A Hopeless Romantic
Thursday, November 6th, 2008I’m a hopeless romantic.
Being a hopeless romantic, I have subscribed to the RSS feed for Change.gov.
Change.gov provides resources to better understand the transition process and the decisions being made as part of it. It also offers an opportunity to be heard about the challenges our country faces and your ideas for tackling them. The Obama Administration will reflect an essential lesson from the success of the Obama campaign: that people united around a common purpose can achieve great things.
I’m not so hopeless a romantic as all that. But in this case I am hopeful. After nearly thirty years of carte blanche Republican rule and seizure of the whole kit and kaboodle by the Neocons, I’m hopeful. There will be plenty to criticize in the coming days, but I’m hopeful.
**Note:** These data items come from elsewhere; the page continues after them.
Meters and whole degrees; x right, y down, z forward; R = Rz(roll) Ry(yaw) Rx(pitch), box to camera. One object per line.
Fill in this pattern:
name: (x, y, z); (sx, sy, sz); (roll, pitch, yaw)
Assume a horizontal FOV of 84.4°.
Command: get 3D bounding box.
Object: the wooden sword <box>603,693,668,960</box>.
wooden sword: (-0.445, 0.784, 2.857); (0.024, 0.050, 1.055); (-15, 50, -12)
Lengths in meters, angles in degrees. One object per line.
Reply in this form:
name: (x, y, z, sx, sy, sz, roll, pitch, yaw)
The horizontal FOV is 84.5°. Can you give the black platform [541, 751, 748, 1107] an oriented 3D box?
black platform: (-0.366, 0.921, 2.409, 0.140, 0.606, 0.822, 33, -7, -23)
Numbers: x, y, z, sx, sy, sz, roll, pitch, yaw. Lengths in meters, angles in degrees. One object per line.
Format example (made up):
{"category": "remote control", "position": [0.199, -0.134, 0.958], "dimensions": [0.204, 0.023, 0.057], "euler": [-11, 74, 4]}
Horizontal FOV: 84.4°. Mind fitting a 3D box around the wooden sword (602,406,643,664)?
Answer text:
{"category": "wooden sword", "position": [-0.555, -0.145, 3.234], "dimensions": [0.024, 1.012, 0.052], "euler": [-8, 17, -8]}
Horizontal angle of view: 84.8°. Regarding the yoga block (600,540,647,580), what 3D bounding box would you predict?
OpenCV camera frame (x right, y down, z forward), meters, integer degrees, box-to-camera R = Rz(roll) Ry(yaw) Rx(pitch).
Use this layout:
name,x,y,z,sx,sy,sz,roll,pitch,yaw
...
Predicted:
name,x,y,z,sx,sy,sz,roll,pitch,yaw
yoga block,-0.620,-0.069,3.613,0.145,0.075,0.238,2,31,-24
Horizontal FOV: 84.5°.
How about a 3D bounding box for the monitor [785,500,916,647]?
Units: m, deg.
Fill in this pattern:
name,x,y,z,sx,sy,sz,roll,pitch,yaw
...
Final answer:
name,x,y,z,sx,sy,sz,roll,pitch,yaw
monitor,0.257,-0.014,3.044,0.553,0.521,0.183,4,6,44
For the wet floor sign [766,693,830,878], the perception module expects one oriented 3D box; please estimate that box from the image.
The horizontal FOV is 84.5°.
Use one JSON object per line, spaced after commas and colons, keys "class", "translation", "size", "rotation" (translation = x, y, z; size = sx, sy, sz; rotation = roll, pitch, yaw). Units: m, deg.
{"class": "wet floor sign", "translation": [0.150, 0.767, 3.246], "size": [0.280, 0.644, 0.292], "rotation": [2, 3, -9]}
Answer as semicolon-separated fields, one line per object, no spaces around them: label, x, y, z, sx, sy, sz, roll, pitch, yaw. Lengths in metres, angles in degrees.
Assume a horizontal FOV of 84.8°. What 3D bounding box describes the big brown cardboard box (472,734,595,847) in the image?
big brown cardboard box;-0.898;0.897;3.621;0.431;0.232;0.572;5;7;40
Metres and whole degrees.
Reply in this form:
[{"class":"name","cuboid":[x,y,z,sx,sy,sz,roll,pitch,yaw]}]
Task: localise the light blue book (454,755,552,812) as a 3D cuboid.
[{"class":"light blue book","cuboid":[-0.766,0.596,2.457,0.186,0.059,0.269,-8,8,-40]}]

Nearly thirty years ago, I stood with a group of people who cried when Reagan was voted into office, well understanding what was to come and that the full fruits of that cornucopia would be decades unfolding toward their fullest horrors. I was only 23 but I knew I would be middle-aged and gray and paying even more heavily for that election than in Reagan’s first coming term.
The past eight years have been a terrible ordeal. Not only were oppositional voices unwelcome, we were relentlessly stigmatized as virtual enemies of the State.
Yesterday was the first time ever I’ve talked about government to H.o.p., instructing him on its branches, where I didn’t feel the prick of mocking barbed wire, that I didn’t feel we were a hated and barely tolerated minority. He is ten years of age and for the very first time I felt as if I was instructing him on possibly “our” United States, a problematic United States with much to account and atone for, where perhaps the kind of atoning for and accounting I’d see as desirable would never happen, but at least we were potentially real citizens with voices rather than scorned outcasts.
When I visited Change.org and saw “Your Administration” I looked long and hard at it.
I see it as a desire. I took it as a promise.
My heart received it as a Welcome Home.